When I first started using CouchDB, I tried to treat it like any other database. I looked for connectors based on the language I was using: Ektorp for Java, AnyEvent::CouchDB for Perl, Nano for Node. And I used the web interface (bewilderingly called “Futon”) as I would a query browser – neat for debugging, but not much else. The fact that it ran in a web browser just kinda seemed like a gimmick.

Recently, though, when I was working on a Node app that didn’t go anywhere but was a fun diversion, I came across this quote by Couch apostle J. Chris Anderson:

Because CouchDB is a web server, you can serve applications directly [to] the browser without any middle tier. When I’m feeling punchy, I like to call the traditional application server stack “extra code to make CouchDB uglier and slower.”

Suddenly, I realized what CouchDB was all about.

No wait, CouchDB is a miracle

See, here I was, using client-side Javascript to talk to Express to talk to Node to talk to Nano to talk to Couch, and at each step I was converting parameter names from underscores to camel case (or whatever my petty hangups are), all the while introducing bugs as I tried to make each layer fit nicely with the next one. And I had a working web server right in front of me! CouchDB! Why not just call it directly, you fool?! (I shout at myself in hindsight.)

I think the reason a lot of developers, like myself, might have missed this epiphany is that we’re used to treating databases as, well, databases. Whether it’s MongoDB or MySQL or Oracle, you gotta have your JDBC connector for Java and perhaps an ORM layer or maybe you just give up on Hibernate and write all the database objects yourself, so half of your code is getters and setters, but that’s OK, because that’s how we abstract the database.

You see, you can’t just have your peanut butter and jelly sandwich! You need an interface between the bread and the peanut butter, and an abstraction layer between the peanut butter and the jelly, and don’t even get me started on the jelly and the bread! What, you want your bread to get soggy?

As a programmer, I’m so used to treating databases as this other, alien thing that needs to be handled with latex gloves, separately from my application code, that reaching for the nearest library has become a reflex.

But you don’t need that with CouchDB. Because… it’s just HTTP. Any extra layers just give you another API to learn.

CouchDB is the web done right

And in fact, CouchDB is better than HTTP, because CouchDB actually fulfills the promise of what RESTful services were supposed to be, instead of the kludges we’ve come to expect. Look! DELETE actually deletes things! POST isn’t just what you use when you need to send more data than a GET allows! And HEAD and PUT are actually useful, instead of just being trivia to impress your friends at dinner parties — “Oh, did you know that there are actually more HTTP commands than just GET and POST?” “Oh, how fascinating!”

You see, once you set aside your preconceived notion of what a database is supposed to be, you can actually get rid of all your fancy connectors and just use a standard HTTP library. (I like Requests for Python.) You can even use the network debugger in a browser window to see how CouchDB does everything. It’s all just AJAX!

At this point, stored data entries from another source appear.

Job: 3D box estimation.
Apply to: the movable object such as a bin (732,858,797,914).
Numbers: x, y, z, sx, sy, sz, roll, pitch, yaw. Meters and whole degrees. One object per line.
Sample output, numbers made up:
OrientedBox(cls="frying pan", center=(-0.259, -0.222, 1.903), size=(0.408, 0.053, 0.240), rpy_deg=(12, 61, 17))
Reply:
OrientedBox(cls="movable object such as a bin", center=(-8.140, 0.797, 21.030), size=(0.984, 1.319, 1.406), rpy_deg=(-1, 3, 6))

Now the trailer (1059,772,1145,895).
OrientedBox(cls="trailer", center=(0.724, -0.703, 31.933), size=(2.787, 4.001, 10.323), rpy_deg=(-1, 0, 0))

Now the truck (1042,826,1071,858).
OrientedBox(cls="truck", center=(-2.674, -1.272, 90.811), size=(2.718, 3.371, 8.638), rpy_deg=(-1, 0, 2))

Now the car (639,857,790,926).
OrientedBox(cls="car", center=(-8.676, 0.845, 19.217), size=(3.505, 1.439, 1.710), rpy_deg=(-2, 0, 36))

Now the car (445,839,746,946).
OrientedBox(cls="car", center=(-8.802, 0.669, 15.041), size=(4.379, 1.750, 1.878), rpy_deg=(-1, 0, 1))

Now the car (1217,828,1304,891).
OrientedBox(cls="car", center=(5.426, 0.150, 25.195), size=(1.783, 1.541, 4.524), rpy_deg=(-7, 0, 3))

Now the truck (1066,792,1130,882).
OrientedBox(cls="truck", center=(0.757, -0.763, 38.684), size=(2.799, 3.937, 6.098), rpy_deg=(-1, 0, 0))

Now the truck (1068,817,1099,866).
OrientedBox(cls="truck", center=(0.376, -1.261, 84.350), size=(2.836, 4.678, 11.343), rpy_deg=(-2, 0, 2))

And then, if you make it this far down the rabbit hole, you might notice that CouchDB actually has a user authentication database, with password hashing. You might also notice that it’s even got roles and privileges and administrator controls. And that’s when you realize, with fascinated horror, the most insidious thing about CouchDB:

CouchDB doesn’t want to be your database; it wants to be your web site.

And finally, this is where we come back to the subject of Couch apps. A Couch app is just a pure HTML/CSS/Javascript application, with only CouchDB as its backend, and this is the intended use case for CouchDB.

Now, think about what this proposition means to you as a developer. The web is moving more and more towards rich, client-side applications — we’ve had jQuery for years, and now we even have MVC with platforms like Ember, Knockout, and AngularJS. If CouchDB does user authentication (it’s got a “signup” button right on the home page, for crying out loud), paging, indexing, full-text search, geo data, and it all speaks HTTP, well… what does that actually leave us to do on the server?

Take a long look in the mirror, and really ask yourself! And yes, for those of you who do machine learning and scientific computing and business intelligence, I can already see you raising your hands, but for the rest of us who get paid to write Twitter clones, the answer is: not much. Your average CRUD app can magically transform into a PGPD app (PUT, GET, POST, DELETE), you can throw it up on CouchDB with some nice HTML and CSS to style it, and be at your local brewpub by 3. Or maybe you could just send the default Futon interface to the client and tell them you wrote it.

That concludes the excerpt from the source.